21/03/2026
Our bodies naturally change with age, so how can we protect them? 💪🏼
- 20s - Peak strength, strong muscles, resilient tendons and ligaments, highest bone density.
- 30s - Slow decline begins if inactive. Muscle, ligament elasticity and bone density start to reduce.
- 40s - Body compensates but tissue capacity gradually drops.

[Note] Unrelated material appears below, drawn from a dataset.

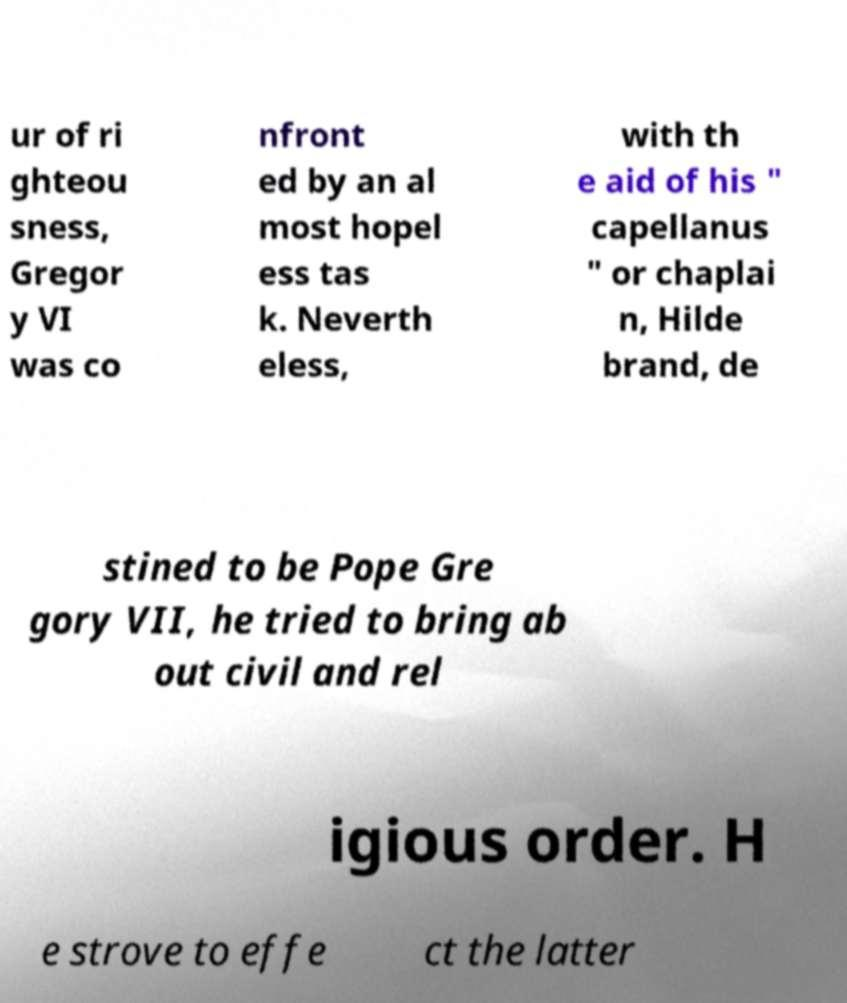Could you assist in decoding the text presented in this image and type it out clearly? ur of ri ghteou sness, Gregor y VI was co nfront ed by an al most hopel ess tas k. Neverth eless, with th e aid of his " capellanus " or chaplai n, Hilde brand, de stined to be Pope Gre gory VII, he tried to bring ab out civil and rel igious order. H e strove to effe ct the latter 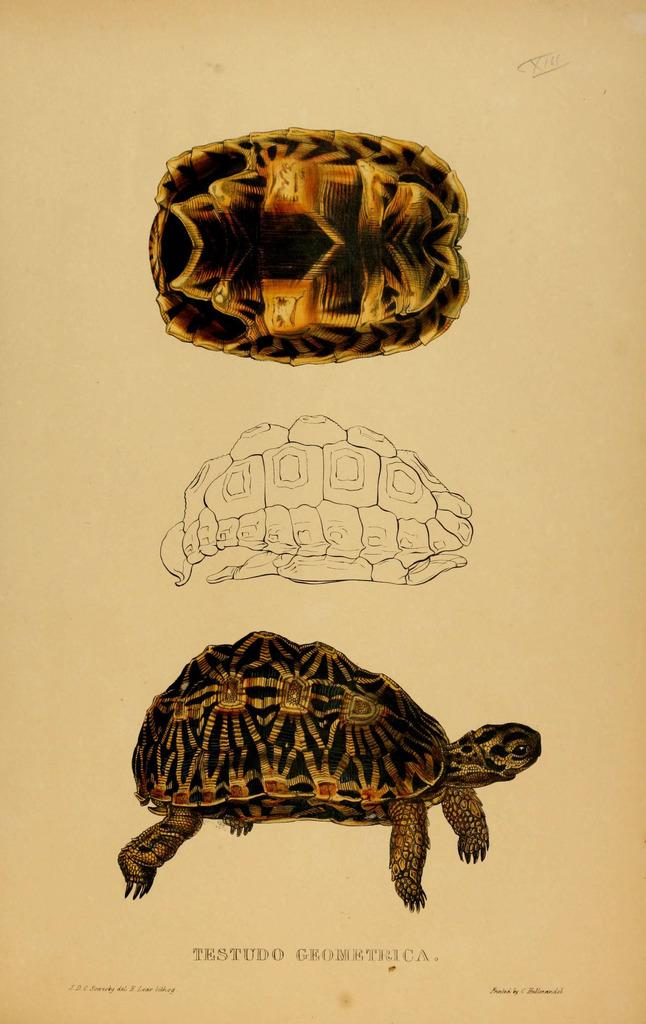What is depicted in the drawing in the image? There is a drawing of a tortoise in the image. What part of the tortoise is visible in the drawing? The tortoise's shell is visible in the drawing. What is the color of the paper on which the drawing is made? The paper is cream-colored. Is there any text present in the image? Yes, there is writing at the bottom of the image. Can you see any trails left by bees in the image? There are no bees or trails visible in the image; it features a drawing of a tortoise on cream-colored paper with writing at the bottom. What type of nerve is shown in the image? There is no nerve depicted in the image; it features a drawing of a tortoise on cream-colored paper with writing at the bottom.

- 50–60 Muscle loss accelerates. Tendons, ligaments and bones tolerate less load.
- 60–70 Strength, balance and aerobic fitness become very important.
- 70–80 Maintaining muscle and movement becomes key to independence.
Simple Lifelong Advice
🏋️ Lift weights regularly (2–4 times per week).
🚶🏻♀️Walk often and stay physically active.
🏓 Include some impact activity (stairs, jogging, racket sports) to maintain bone density.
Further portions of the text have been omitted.